My mother was unusually persuasive, as if she could demand respect just by thinking about it. I sometimes believe she could have convinced anyone to jump off a bridge if she wanted to, no matter how strong-willed they were. Despite this, she was also very emotionally weak and couldn’t handle dealing with other people’s problems, especially personal ones.
She seemed to enjoy controlling people in any way she could, even over the most trivial matters.
My father and brother Larry were much easier to get along with. They were more passive and had a sense of humor that my mom and sister lacked. This doesn’t mean I didn’t have my problems with them—because I did—and by the time I was thirty-two, I had completely cut them all out of my life, later regretting reconnecting with some of them.
My maternal grandparents, Jack and Shirley, lived next door until we moved across town when I was twelve.
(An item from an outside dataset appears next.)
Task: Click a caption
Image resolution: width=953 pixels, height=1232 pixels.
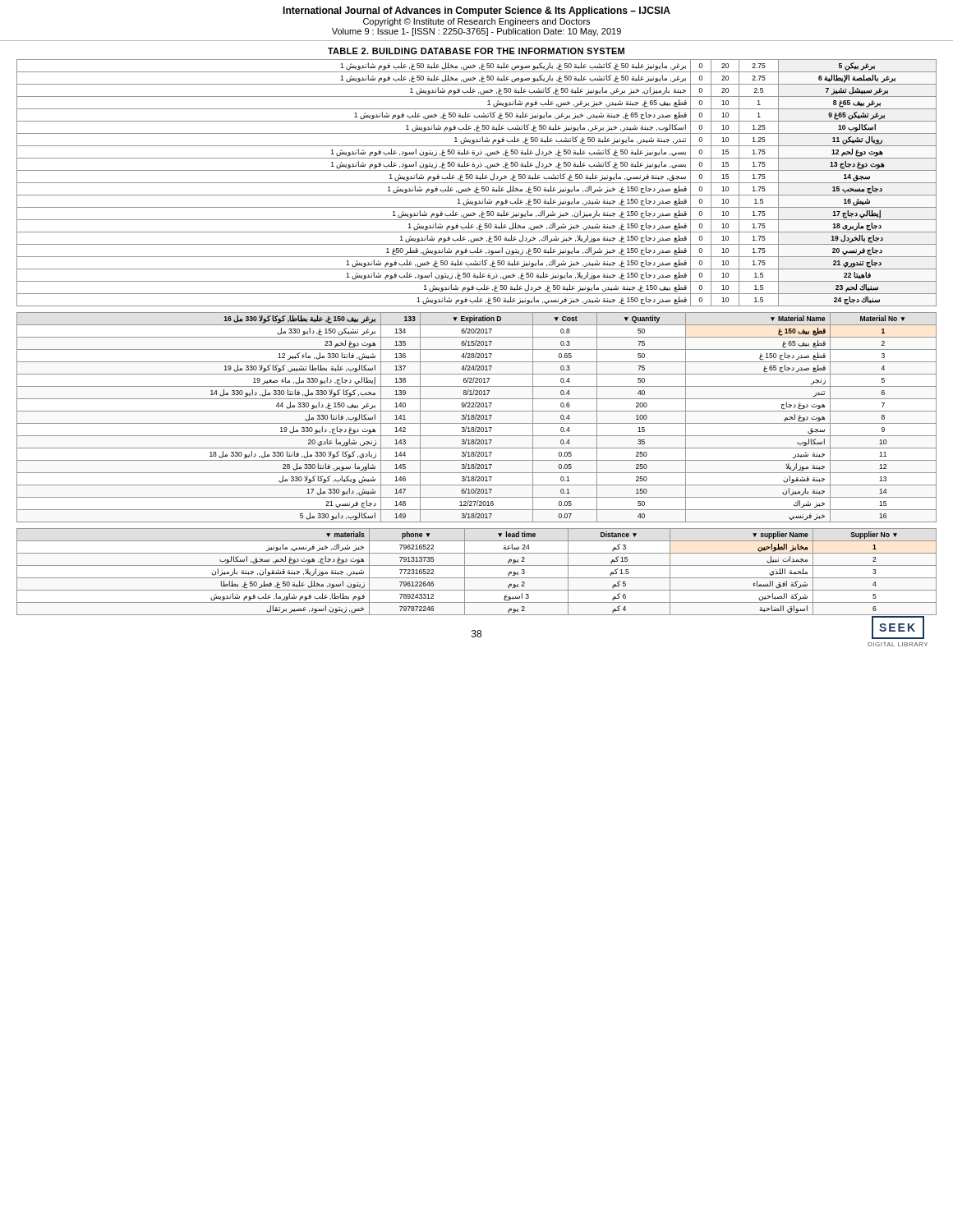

They were similar to my parents: he was mellow, while she was difficult. One of my meanest memories of Nana was when she told me I’d one day be so big that I wouldn’t be able to fit through doorways. Meanwhile, she was over 200 pounds herself, while I was barely over 100 pounds. I had my pudgy spells as a kid and even as an adult, but for the most part, I was pretty scrawny.
I never knew my paternal grandfather; he died in his fifties of a heart attack. I was named after him.
My paternal grandmother, Bella, wasn’t in my life much until I was around eleven or twelve, and then she died when I was seventeen.
My father was born in 1931, and my mother in 1932. They married in 1951 when they were just nineteen and twenty years old—still just kids, and way too young for even the most mature people to marry, in my opinion. They started in an apartment in Springfield while my father was in the Navy. A year later, they had another apartment, then built a house in 1953.
My brother was born in 1954, and my sister in 1957.